Wireless Pacemaker for the Brain Could Provide Effective Treatment for Neurological Disorders


Engineers at the University of California, Berkeley developed a novel neurostimulator that can listen to and stimulate electric current simultaneously in the brain, potential for delivering effective treatments to patients with diseases such as Parkinson’s and epilepsy.

The new wireless pacemaker device called ‘WAND’ functions like a pacemaker for the brain that monitors electrical activity of the brain as well as deliver electric stimulation when detecting something amiss.

Wireless Pacemaker type of devices can be highly effective at preventing debilitating tremors and seizures in patients with several neurological conditions. However, electrical seizures preceding the tremors and seizures are very subtle and both frequency and strength of electrical stimulation needed to them are equally low.

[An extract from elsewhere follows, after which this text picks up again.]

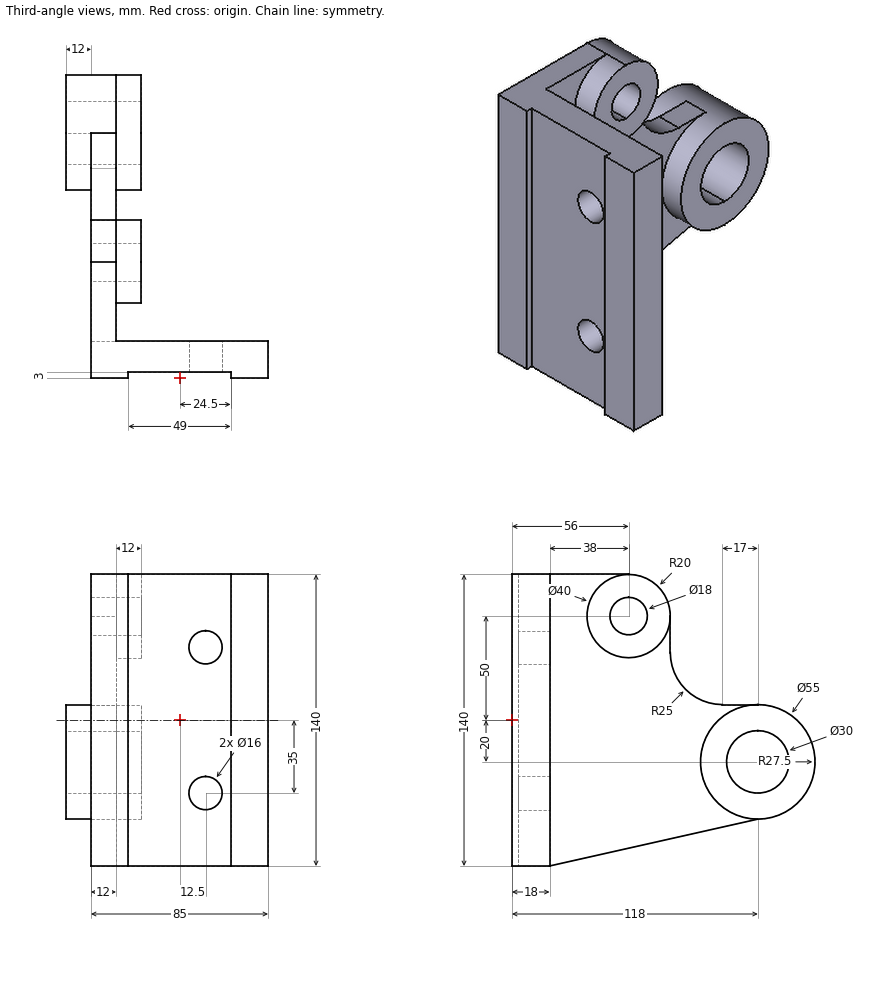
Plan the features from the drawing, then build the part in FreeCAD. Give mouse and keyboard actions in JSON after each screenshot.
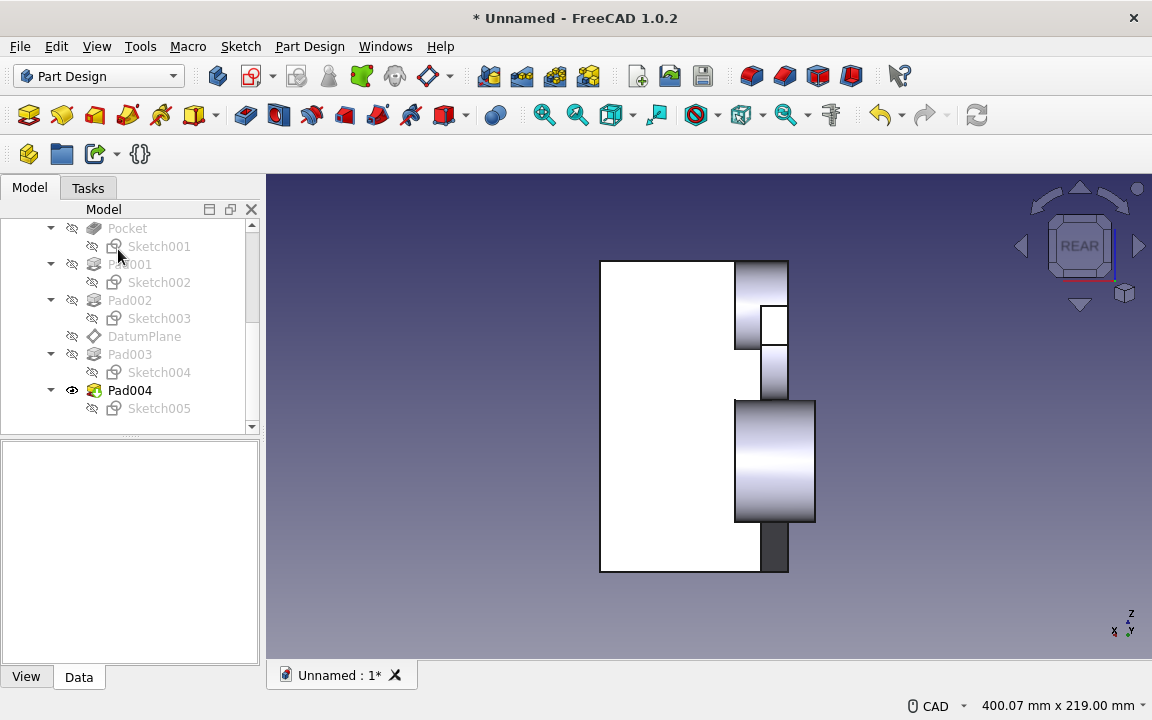
{"action": "left_click", "coordinate": [681, 371]}

WAND stands for ‘Wireless Artifact-free Neuromodulation Device’ which is wireless and autonomous. Once the device learns to detect the signs of tremor or seizure, it can tune the stimulation parameters to halt the undesirable movements. Additionally, as it is a closed-loop that stimulates and records at the same time, the device can tune these parameters in real time.

The device is detailed in a research paper and published in the journal Nature Biomedical Engineering. It can register electrical activity for more than 128 channels, or from 128 points within the brain compared to 8 channels in other systems.

To demonstrate WAND, the researchers used it in rhesus macaques to detect and delay specific arm movements.

Ripples in a Pond

Stimulating and recording electrical signals in the brain at the same time is quite similar to observing small ripples in the pond, while also splashing the water with your feet – the electric signals from the brain are overwhelmed by the large electrical pulses delivered by the stimulation.

In the present-day scenario, deep brain stimulators sometimes stop recording while applying electrical stimulation, record at a region of the brain different from where the stimulation is delivered.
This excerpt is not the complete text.